Generated on 2023-02-11 at 16:44.
Snaptron Sample Metadata¶
Each of the above compilations has its own set of sample metadata with varying field names and definitions. Snaptron indexes these metadata fields in a document store (Lucene) for full text retrieval. Numeric columns (e.g. RIN in the GTEx compilation) are indexed to support range based lookups.
Query metadata and sample metadata text is converted to lower case before indexing/querying to make searches case-insensitive.
Both sample-only searches and junction searches limited by a sample predicate can be performed:
curl "http://snaptron.cs.jhu.edu/gtex/samples?sfilter=SMRIN>8"
will return a list of samples which have a RIN value > 8.
curl "http://snaptron.cs.jhu.edu/srav2/snaptron?regions=chr6:1-10714015&rfilter=samples_count>:10&sfilter=description:cortex"
will return a list of junctions and their list of summary stats calcuated from the intersection of the region and rfilter predicates and which contain at least one sample in the list of samples which have “cortex” in their description field.

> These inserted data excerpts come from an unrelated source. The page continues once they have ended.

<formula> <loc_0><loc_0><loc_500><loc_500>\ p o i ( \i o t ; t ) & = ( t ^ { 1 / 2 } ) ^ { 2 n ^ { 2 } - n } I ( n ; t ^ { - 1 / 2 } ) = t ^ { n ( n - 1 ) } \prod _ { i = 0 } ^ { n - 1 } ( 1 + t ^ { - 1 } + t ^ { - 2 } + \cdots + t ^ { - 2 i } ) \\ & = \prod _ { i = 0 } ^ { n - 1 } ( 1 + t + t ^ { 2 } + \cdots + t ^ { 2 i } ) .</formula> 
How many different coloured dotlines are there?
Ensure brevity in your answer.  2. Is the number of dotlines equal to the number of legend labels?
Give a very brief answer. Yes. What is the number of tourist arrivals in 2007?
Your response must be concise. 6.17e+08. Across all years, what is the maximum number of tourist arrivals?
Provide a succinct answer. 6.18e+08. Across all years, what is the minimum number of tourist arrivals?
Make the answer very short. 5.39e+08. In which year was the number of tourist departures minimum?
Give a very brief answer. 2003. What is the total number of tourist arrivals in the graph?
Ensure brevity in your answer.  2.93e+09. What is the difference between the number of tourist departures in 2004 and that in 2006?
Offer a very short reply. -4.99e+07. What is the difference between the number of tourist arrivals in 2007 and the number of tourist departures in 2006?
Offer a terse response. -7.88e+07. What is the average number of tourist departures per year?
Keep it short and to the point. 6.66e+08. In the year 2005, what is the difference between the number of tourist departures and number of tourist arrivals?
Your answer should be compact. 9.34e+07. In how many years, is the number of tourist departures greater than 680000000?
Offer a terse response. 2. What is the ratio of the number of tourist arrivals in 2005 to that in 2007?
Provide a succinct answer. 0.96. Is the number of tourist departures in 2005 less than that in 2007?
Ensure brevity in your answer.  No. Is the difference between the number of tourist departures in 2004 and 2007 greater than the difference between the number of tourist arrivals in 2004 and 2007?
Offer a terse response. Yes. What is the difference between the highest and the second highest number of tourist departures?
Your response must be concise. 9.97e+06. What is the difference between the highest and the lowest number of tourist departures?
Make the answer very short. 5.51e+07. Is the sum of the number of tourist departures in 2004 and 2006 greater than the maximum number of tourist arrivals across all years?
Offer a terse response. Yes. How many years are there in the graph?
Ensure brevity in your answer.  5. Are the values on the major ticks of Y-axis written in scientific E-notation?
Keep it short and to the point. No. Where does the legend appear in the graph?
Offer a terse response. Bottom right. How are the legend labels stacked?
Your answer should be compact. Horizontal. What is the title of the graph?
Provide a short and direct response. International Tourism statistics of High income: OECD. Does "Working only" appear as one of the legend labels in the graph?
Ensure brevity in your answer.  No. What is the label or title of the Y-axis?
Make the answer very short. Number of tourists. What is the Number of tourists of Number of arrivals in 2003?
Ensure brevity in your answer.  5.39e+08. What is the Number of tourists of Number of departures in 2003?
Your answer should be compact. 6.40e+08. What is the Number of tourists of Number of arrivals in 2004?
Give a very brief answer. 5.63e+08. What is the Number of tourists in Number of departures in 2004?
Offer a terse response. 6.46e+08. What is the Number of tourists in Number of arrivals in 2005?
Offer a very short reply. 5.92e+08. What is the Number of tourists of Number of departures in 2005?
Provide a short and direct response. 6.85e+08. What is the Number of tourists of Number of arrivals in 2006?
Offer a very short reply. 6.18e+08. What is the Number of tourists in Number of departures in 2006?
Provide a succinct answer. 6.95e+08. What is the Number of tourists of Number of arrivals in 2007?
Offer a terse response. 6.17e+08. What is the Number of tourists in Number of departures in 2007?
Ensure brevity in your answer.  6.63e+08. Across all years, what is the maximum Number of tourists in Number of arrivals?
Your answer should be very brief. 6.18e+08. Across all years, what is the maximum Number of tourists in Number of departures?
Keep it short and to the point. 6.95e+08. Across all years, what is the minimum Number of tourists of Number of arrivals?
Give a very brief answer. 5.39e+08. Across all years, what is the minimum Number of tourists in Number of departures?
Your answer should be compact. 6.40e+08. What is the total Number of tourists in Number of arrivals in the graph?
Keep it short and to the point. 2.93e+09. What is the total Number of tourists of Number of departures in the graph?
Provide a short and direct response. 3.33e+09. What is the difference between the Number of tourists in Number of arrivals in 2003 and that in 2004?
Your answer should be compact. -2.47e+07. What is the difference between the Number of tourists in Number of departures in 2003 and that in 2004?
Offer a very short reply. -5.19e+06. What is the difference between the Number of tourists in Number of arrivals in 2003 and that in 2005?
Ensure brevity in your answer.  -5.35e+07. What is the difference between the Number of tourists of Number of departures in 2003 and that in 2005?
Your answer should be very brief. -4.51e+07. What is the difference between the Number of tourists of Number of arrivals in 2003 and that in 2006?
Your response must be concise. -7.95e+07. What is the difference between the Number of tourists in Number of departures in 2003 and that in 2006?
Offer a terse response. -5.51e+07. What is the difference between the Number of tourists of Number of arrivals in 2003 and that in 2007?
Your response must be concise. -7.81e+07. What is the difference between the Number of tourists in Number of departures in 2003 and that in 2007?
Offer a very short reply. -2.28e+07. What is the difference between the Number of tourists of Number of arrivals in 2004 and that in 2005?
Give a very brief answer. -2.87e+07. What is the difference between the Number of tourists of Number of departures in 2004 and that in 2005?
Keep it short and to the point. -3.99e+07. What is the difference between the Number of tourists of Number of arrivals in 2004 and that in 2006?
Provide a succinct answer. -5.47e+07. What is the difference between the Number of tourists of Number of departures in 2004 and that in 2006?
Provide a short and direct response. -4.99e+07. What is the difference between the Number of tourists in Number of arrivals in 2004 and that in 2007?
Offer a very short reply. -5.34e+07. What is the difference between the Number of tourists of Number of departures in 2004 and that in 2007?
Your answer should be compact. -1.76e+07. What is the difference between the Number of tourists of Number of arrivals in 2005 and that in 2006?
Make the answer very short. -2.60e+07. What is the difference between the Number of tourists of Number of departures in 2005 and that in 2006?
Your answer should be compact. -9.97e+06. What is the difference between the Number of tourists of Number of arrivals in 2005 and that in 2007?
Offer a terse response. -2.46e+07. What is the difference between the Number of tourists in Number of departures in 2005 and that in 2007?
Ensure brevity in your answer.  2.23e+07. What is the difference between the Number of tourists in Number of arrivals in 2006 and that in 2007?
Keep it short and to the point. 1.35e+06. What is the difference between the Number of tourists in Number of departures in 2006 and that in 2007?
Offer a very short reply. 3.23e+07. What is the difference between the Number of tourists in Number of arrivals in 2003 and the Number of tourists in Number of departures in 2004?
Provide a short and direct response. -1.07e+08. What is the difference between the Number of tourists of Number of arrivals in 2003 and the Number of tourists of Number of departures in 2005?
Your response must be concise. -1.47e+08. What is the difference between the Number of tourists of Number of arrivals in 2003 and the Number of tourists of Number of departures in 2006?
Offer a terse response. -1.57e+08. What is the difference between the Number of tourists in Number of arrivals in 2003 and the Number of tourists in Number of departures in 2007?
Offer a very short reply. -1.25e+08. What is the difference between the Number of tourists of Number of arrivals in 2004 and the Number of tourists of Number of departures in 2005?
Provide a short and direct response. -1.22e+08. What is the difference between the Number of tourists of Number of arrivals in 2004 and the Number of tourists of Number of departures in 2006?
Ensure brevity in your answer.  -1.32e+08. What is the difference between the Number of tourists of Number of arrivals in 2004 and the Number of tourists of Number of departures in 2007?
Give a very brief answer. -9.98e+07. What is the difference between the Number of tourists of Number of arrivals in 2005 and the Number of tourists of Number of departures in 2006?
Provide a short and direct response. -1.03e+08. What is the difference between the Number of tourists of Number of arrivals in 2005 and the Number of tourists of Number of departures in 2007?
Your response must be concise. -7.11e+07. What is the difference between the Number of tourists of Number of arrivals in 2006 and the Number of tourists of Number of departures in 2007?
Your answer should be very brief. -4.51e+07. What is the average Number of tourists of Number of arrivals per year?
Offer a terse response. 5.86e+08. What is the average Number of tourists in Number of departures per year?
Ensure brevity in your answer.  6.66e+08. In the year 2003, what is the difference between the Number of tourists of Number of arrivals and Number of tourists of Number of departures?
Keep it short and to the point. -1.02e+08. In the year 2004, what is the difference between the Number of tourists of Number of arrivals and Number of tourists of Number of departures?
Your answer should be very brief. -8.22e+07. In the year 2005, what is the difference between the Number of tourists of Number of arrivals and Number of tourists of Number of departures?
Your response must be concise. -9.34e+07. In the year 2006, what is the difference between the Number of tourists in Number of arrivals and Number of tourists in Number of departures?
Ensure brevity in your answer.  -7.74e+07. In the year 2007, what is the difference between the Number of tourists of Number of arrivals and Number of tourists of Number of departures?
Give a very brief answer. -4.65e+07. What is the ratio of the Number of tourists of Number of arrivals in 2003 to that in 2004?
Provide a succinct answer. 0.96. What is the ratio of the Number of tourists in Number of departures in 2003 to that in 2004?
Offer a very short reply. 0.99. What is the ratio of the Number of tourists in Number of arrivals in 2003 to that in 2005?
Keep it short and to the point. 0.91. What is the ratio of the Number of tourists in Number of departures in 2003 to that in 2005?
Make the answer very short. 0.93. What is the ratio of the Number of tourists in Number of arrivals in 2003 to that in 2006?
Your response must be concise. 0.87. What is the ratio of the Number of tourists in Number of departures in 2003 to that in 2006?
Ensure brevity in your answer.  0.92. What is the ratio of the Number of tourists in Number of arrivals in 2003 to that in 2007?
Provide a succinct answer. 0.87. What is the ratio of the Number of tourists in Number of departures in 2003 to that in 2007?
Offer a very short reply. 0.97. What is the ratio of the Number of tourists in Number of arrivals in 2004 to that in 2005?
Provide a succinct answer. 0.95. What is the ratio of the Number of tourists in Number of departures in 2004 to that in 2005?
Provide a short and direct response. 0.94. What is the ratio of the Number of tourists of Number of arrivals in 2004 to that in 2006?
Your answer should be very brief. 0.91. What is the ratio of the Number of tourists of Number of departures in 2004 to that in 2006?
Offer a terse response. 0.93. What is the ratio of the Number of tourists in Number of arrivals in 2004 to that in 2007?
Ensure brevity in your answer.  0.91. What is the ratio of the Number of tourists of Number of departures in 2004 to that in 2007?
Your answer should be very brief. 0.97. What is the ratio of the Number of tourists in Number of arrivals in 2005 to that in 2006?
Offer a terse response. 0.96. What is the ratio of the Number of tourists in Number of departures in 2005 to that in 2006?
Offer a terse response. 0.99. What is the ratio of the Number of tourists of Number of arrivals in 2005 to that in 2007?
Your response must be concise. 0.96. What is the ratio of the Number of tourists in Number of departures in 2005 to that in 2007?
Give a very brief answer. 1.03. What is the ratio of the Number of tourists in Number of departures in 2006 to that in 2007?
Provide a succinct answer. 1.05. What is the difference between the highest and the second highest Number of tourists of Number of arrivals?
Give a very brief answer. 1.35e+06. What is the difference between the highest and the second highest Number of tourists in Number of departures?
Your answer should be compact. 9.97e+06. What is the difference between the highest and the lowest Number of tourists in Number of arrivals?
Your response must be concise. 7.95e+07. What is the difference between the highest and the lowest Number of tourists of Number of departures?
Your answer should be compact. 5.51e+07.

Further, you can also query by sample ID to simply return all the metadata for the submitted set of sample IDs:
curl "http://snaptron.cs.jhu.edu/srav2/samples?ids=0,2,500"
Sample Metadata Fields¶
A complete list of all sample metadata fields and types stored and indexed by Snaptron are available for each compilation:
TCGA
http://snaptron.cs.jhu.edu/data/tcga/samples.fields.tsv
GTEx
http://snaptron.cs.jhu.edu/data/gtex/samples.fields.tsv
SRAv2
http://snaptron.cs.jhu.edu/data/srav2/samples.fields.tsv
SRAv1
Sample Metadata Field Types¶
Lucene types are reported for each field in the above TSV files:
text
Input field tokenized into one or more terms by whitespace before indexing to support “contains” searching
Example: a free-text description of the RNA-seq sequencing protocol
string
Input field indexed as one term (not tokenized)
Example: controlled vocabulary field such as an NCBI sample accession
integer
Numeric input field indexed to support range searches
Example: age at diagnosis for a cancer patient
float
Numeric input field indexed to support range searches, used if any floating point values were present in input
Example: RNA-seq integrity value (RIN)
NOTE: Lucene stores the input field as a float, but range queries need to be specified as integers for now, even for float fields
If a metadata field for a particular sample is empty/NA or is a string and the field type is numeric, that particular entry is set to NULL in Lucene.